> [Exercise description]: From the entries below, return exactly the lines beginning at the one that contains "5. cheese from (0, 131) to (36, 157)" and ending at the one that contains "Answer in the order listed.", both of them included, and only those lines.

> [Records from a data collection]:
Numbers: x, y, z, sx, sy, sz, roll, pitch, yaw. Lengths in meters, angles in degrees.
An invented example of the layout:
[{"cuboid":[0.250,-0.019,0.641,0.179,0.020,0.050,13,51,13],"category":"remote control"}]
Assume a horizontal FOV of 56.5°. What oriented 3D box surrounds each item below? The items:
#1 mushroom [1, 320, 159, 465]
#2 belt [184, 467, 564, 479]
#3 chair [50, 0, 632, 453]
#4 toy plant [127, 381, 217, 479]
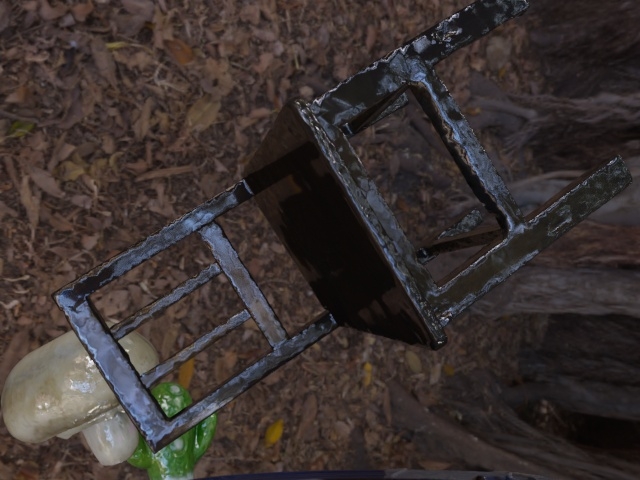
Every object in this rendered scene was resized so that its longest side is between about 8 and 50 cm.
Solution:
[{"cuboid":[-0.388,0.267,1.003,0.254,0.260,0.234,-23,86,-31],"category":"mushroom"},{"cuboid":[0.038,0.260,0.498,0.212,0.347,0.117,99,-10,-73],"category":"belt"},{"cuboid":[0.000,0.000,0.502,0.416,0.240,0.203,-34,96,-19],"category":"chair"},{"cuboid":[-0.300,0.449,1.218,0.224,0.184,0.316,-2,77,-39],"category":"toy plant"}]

--

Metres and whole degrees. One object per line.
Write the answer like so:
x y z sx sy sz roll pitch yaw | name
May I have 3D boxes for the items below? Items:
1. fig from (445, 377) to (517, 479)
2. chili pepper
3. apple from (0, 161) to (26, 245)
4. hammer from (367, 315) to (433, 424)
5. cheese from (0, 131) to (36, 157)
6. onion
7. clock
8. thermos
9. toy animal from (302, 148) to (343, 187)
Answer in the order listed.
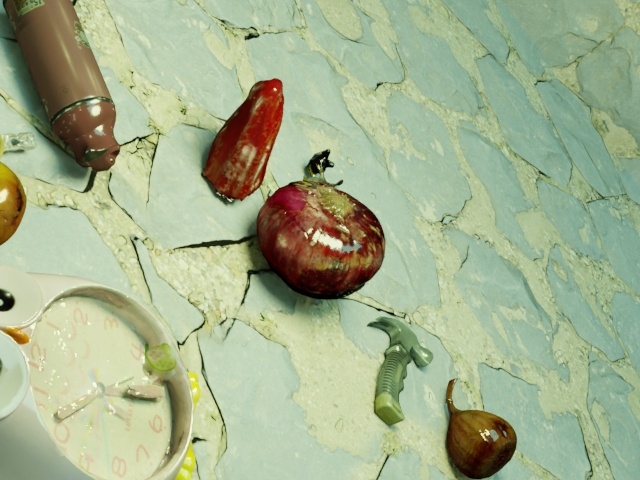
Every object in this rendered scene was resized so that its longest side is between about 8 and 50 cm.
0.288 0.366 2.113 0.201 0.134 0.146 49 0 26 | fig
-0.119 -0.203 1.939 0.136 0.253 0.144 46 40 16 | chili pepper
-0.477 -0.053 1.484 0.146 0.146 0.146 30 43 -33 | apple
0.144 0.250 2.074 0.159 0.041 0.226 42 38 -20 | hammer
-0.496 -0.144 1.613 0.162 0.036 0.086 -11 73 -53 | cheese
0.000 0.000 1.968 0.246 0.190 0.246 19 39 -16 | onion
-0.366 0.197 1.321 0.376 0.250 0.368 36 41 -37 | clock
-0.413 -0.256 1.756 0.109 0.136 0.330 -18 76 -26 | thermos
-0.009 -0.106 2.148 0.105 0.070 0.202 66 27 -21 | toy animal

> [Response to this task]:
5. cheese from (0, 131) to (36, 157)
6. onion
7. clock
8. thermos
9. toy animal from (302, 148) to (343, 187)
Answer in the order listed.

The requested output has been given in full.